Three months ago, they said their goodbyes, just days before her first day of classes.

She had chosen to stay, go to school, get an education and hope the government would give her the opportunity to work herself toward becoming an American.

 


 

“I want to work,” she says. “I want to pay taxes. Please, let me pay taxes.”

Opponents of the DREAM Act call it an exercise in amnesty, a free pass for people who have violated the law.

Supporters find it hard to believe many members of Congress are willing to reject a measure that would increase tax revenue and military recruitment.

She says she understands both sides, and she thinks it should take work to become a citizen —  learning English, getting an education and even assimilating the culture.

After finding out about the DREAM Act, she became involved with the movement in support of the bill. Like many of those like her, she calls herself a DREAMer.

She is still nervous and unsure of the chances the bill has of passing.

“I don’t know,” she says. “I just don’t know.”

She insists that she is lucky and that her story is not as bad as others.

“I know people think this is a pity story,” she said. “I don’t want people to feel sorry for me.”

Her wish is to not have to live with fear and uncertainty.

More than anything, she wants to just be that girl on the bus.

She spends almost 90 minutes every day busing to and from school, time she spends reading and doing math homework.
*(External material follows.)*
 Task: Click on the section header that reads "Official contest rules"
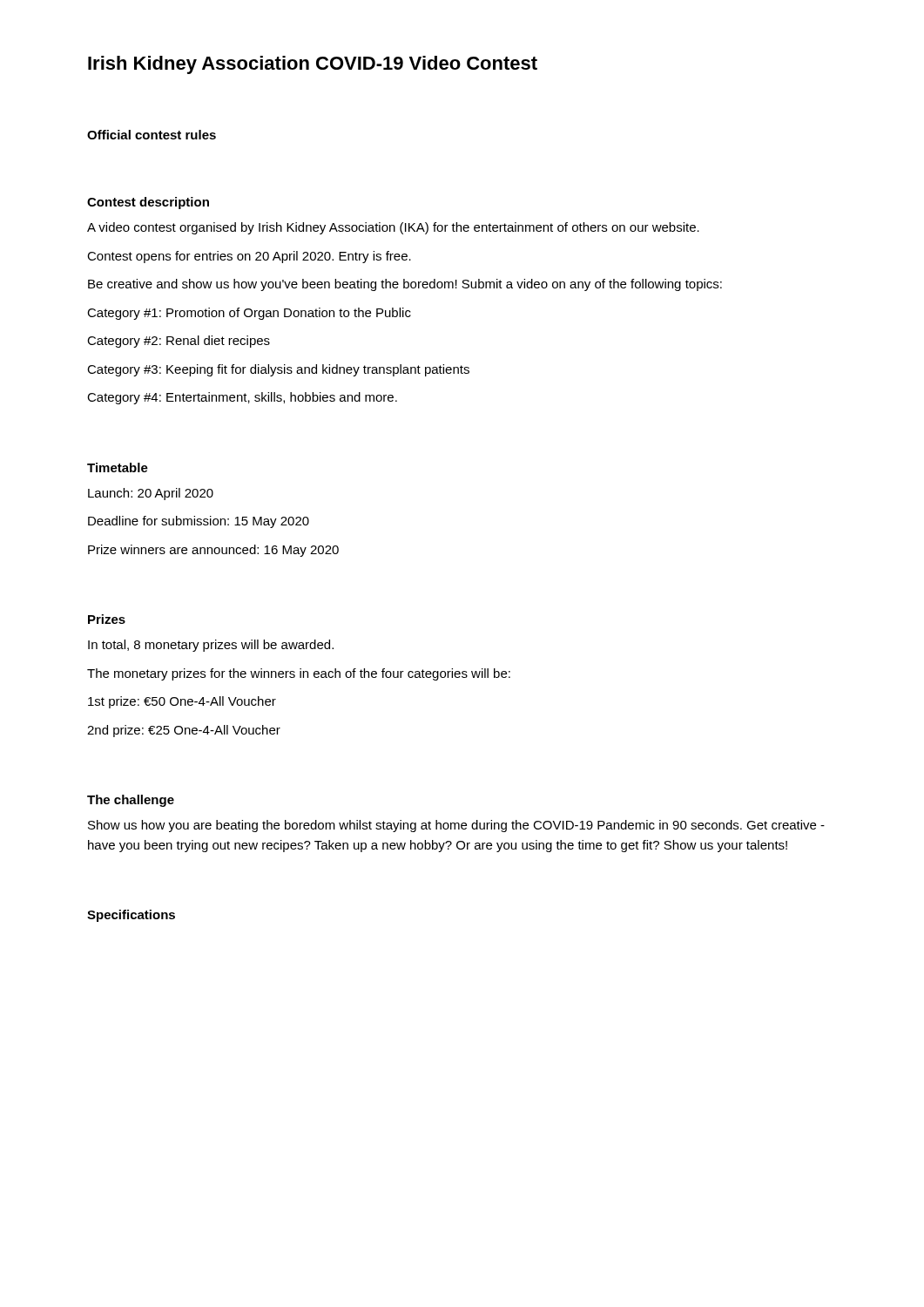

An aspiring writer, she sometimes scribbles in the most recent of her 18 journals.

Sometimes she’ll crack open a book from her shelf, like works by Gabriel Garcia Marquez, Isabel Allende and H.G. Wells.

A lot of the time, she’ll listen to some of her favorite music — everything from Argentine singer Gustavo Cerati to The Rolling Stones to Iggy Pop and the Stooges.

When she wants to hear the music, she pulls out her iPod and slips her big headphones over her ears.

Then is when she fades into the crowds of busy students who bustle through the doors, each with their own headphones playing a different tune.

Her next stop, she hopes, is a sense of normal.